The original George Washington High School, which was operated by the New York City Department of Education, was built February 2, 1917. The school’s name derives from the Revolutionary War battle fought on the hill of the building site. The school was once an annex of Morris High School. George Washington High School was built and opened in 1919, and then moved into the current building at 549 Audubon Avenue in 1925. George Washington High School has had notable graduates — Jacob Javits, Maria Callas, Henry Kissinger, Alan Greenspan, Harry Belafonte, and, yes, Manny Ramírez, who did not graduate. Ronni’s office window opens to their famed and glorious baseball field harking dreams of future glory, and the Hudson River — the beautiful crossroads of the American experience always and forever evolving and redefining America in “the Heights.” Jews, Gentiles, Muslims, Caribbean, Black and White – the history of George Washington High School is the history of America and its metamorphosis into a place of hope at the northern edge of Manhattan. It reads like something Aaron Copland would have composed, full of the color of deep valleys and mountain tops reaching for the heavens. Washington Heights, history and the future unknown living side-by-side.

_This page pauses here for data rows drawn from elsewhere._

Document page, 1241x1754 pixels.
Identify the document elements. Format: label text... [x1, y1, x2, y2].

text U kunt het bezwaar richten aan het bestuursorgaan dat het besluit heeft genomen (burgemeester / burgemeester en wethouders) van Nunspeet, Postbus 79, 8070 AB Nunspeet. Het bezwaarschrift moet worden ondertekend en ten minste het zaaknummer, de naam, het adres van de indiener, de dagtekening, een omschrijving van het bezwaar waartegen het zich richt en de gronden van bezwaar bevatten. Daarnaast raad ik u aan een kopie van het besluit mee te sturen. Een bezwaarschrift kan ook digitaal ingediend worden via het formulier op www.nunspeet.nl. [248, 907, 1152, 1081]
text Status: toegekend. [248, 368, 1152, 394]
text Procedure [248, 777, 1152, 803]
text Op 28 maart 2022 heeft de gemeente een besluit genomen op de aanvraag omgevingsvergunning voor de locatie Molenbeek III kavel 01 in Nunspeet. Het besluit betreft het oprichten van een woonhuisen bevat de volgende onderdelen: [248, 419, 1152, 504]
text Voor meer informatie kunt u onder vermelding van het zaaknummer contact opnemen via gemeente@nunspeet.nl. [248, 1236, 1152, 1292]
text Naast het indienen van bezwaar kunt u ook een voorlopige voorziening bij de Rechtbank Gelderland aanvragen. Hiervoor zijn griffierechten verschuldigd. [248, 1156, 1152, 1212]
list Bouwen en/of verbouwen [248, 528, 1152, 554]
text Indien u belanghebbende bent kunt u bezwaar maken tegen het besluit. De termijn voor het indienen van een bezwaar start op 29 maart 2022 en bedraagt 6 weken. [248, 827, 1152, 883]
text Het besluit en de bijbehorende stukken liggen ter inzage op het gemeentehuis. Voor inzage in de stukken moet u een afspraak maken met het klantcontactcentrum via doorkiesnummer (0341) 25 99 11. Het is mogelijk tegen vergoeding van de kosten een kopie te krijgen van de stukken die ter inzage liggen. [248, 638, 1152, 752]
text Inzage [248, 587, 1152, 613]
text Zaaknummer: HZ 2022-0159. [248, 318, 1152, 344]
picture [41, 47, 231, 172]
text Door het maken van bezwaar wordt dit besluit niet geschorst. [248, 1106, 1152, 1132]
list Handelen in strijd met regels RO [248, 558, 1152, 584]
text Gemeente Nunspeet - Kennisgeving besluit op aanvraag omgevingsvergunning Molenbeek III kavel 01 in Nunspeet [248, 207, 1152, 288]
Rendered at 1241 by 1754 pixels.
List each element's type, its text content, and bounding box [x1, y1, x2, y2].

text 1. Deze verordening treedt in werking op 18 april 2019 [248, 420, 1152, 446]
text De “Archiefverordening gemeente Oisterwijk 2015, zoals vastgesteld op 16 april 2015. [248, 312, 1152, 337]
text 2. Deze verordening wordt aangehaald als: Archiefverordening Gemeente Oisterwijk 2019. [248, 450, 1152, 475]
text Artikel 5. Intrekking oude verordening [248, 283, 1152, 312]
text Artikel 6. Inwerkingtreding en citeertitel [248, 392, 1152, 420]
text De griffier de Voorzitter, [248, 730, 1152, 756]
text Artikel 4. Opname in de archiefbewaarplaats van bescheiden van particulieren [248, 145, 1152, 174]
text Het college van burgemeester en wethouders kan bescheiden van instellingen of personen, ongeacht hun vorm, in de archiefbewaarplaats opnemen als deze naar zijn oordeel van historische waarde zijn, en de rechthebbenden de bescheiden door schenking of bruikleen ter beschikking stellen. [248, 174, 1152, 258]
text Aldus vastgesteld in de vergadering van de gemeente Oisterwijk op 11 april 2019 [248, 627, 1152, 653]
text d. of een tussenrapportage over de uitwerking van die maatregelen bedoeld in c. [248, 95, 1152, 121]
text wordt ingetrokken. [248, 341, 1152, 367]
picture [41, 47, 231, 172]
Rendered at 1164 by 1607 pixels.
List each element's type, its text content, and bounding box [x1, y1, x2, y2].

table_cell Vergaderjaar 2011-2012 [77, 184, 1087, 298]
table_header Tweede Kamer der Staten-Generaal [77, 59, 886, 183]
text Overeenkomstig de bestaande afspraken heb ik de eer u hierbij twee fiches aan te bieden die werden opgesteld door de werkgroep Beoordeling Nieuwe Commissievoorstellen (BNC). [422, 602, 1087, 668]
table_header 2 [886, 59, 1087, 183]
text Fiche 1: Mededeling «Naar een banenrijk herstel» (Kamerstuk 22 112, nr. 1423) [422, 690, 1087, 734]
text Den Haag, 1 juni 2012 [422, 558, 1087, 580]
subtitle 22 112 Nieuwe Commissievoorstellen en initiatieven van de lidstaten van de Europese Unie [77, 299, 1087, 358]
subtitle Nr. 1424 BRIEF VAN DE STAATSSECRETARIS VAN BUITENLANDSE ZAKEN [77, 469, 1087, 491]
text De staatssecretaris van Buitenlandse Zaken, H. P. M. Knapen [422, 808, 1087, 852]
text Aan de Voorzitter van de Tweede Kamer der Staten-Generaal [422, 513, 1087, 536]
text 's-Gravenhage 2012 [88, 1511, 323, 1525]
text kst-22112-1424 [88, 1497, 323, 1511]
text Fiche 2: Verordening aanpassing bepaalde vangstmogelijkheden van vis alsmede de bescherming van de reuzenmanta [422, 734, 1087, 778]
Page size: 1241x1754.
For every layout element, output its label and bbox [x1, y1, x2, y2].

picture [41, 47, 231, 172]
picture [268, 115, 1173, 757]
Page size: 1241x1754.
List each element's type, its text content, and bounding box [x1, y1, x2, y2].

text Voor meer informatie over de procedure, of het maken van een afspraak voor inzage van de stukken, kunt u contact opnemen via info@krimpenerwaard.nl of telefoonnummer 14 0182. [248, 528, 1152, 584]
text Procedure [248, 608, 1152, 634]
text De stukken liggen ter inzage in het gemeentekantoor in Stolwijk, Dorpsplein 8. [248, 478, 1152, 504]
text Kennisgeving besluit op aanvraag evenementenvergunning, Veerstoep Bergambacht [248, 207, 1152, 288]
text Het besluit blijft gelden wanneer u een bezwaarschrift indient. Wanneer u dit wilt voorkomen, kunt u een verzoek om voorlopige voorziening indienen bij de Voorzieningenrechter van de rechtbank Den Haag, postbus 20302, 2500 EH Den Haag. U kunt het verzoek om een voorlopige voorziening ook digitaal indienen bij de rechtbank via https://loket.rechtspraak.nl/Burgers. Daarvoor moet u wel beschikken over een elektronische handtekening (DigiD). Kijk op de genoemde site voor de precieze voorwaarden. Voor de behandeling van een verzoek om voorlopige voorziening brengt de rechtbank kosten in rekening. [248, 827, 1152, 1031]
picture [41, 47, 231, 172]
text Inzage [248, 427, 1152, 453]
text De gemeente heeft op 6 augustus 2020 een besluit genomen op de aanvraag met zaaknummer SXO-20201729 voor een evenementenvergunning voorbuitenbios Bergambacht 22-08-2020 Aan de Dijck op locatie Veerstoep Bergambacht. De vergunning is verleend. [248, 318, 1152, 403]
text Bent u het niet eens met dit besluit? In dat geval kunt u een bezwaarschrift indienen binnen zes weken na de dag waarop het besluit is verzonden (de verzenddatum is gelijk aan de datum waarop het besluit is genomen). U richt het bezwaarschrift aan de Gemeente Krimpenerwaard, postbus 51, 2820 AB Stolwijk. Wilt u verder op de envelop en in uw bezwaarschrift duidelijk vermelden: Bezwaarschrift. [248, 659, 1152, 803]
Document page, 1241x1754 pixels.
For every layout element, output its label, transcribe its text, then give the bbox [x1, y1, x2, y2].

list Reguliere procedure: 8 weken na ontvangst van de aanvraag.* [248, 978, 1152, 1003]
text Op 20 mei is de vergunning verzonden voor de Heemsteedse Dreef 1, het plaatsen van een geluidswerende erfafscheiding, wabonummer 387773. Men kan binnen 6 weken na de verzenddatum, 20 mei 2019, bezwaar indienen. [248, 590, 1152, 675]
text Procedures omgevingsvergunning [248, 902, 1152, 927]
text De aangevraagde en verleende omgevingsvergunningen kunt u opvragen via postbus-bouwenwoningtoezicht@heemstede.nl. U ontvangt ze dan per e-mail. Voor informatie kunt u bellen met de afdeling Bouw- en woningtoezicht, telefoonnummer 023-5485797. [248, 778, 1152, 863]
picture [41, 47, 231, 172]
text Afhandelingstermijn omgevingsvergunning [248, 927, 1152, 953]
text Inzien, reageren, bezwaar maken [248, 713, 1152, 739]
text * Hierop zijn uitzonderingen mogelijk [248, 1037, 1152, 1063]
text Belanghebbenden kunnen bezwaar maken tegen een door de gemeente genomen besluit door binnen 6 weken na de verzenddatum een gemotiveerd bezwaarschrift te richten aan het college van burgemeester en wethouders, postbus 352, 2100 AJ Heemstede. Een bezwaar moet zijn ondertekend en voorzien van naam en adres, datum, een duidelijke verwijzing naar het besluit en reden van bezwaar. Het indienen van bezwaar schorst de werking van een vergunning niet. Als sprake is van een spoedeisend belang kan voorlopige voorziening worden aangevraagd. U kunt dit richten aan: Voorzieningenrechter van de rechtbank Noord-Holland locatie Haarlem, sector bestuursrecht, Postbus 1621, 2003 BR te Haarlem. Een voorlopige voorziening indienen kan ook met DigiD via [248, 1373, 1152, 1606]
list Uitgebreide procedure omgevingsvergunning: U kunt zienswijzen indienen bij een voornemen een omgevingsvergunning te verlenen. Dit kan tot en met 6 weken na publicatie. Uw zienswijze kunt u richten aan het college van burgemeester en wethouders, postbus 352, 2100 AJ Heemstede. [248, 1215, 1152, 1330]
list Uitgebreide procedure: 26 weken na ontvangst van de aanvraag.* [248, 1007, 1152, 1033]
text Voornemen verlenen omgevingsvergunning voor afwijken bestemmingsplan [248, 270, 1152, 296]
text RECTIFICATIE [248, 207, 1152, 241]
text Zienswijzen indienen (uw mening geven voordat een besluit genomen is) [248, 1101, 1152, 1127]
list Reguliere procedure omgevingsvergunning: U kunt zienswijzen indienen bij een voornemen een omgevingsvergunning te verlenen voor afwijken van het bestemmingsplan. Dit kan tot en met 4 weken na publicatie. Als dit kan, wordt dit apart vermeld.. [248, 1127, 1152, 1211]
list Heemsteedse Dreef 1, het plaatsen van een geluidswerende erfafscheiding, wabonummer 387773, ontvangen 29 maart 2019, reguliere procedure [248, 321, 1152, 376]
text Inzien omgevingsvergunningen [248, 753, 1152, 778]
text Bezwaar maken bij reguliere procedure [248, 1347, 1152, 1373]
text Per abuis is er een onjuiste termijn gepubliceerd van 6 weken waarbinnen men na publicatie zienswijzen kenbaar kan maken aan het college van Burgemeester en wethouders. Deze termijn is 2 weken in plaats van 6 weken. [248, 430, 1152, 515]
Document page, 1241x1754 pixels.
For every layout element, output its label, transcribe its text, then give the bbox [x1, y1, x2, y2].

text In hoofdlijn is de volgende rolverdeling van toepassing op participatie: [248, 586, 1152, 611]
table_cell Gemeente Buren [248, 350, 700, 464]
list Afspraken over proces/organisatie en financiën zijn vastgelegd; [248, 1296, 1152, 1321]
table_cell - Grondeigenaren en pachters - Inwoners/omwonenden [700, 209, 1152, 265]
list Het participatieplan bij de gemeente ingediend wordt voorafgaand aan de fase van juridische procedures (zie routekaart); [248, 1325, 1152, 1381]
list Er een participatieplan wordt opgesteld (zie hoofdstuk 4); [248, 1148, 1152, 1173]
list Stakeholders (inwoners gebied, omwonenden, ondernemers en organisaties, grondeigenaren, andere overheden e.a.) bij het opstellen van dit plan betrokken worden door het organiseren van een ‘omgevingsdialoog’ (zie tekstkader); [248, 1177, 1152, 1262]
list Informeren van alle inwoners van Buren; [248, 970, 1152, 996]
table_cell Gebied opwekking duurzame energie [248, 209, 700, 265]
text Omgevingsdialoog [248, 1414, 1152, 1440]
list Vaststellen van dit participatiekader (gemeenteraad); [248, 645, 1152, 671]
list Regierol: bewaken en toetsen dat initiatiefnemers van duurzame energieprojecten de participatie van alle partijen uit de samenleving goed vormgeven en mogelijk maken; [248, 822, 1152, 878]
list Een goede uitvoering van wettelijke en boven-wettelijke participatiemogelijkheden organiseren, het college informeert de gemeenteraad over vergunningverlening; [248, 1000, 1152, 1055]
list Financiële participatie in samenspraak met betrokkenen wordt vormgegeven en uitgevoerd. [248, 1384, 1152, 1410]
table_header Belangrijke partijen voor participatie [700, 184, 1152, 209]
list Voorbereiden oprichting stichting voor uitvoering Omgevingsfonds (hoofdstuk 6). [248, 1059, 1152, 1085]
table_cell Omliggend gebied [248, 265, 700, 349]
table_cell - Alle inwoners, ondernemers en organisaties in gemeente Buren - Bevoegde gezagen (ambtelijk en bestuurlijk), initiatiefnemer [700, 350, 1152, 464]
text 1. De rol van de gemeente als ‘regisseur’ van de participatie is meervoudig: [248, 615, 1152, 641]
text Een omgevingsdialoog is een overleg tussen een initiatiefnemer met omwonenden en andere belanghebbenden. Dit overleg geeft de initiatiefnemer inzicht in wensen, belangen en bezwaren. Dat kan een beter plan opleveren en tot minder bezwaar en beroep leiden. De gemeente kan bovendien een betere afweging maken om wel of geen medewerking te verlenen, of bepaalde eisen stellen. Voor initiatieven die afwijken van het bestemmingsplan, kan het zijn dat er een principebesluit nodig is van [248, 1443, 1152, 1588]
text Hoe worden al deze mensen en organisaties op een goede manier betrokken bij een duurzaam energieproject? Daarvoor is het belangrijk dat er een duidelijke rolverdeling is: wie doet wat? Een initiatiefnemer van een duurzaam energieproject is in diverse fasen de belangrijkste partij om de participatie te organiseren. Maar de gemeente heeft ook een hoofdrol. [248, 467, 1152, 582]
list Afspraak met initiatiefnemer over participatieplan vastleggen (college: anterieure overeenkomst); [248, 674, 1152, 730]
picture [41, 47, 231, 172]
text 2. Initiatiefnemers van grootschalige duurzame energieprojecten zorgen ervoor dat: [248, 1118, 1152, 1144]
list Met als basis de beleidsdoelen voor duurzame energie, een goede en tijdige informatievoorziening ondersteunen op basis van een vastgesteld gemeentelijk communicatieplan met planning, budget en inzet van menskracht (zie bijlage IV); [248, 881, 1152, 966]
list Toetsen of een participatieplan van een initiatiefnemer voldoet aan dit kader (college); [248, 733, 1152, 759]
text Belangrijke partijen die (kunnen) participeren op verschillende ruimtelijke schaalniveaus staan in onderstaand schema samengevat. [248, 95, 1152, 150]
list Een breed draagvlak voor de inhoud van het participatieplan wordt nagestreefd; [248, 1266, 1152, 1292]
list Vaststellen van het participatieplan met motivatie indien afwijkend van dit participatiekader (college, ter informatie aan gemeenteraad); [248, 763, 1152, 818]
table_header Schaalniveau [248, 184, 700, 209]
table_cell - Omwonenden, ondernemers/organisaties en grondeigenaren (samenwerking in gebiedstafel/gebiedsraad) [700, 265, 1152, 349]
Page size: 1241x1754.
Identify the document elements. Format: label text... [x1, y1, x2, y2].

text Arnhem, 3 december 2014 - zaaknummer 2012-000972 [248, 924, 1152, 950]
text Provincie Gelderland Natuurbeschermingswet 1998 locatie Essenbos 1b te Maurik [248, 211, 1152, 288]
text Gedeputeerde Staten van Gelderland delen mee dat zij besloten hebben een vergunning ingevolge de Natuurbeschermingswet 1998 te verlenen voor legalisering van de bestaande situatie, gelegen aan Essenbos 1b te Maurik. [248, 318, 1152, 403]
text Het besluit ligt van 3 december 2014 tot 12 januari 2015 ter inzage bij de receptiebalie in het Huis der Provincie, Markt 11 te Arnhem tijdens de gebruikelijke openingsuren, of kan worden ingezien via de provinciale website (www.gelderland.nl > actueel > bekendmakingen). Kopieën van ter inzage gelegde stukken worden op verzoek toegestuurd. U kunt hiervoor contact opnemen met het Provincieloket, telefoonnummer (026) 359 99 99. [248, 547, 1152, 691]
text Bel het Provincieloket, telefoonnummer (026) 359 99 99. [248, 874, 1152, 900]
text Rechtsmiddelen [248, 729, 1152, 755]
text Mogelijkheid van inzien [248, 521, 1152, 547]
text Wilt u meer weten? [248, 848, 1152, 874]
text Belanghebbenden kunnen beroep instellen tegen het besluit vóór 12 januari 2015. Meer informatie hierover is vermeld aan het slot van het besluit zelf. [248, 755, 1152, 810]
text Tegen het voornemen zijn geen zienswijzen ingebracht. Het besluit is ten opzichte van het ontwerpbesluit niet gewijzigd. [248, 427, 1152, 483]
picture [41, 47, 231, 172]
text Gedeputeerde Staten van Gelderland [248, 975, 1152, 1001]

Citizenship evolves from hope. Citizenship is directly proportional to how open and tolerant a society is to difference. This is profoundly a definition of justice where, according to Noble Laureate Amartya Sen in The Idea of Justice,”human lives are then seen inclusively, taking note of the substantive freedoms that people enjoy, rather than ignoring everything other than the pleasures or utilities they end up having.” This, after all, is what we mean by diversity — tolerance for the Other that is not like us yet also completes us. This is the challenge of citizenship in the “new America” currently undergoing massive changes, a transcendence from a world power fixated on size and speed, to perhaps a more subtle nation that is more reflective, more inquisitive, and a bit more eager to open avenues for dialog where none have existed before. This is the hope.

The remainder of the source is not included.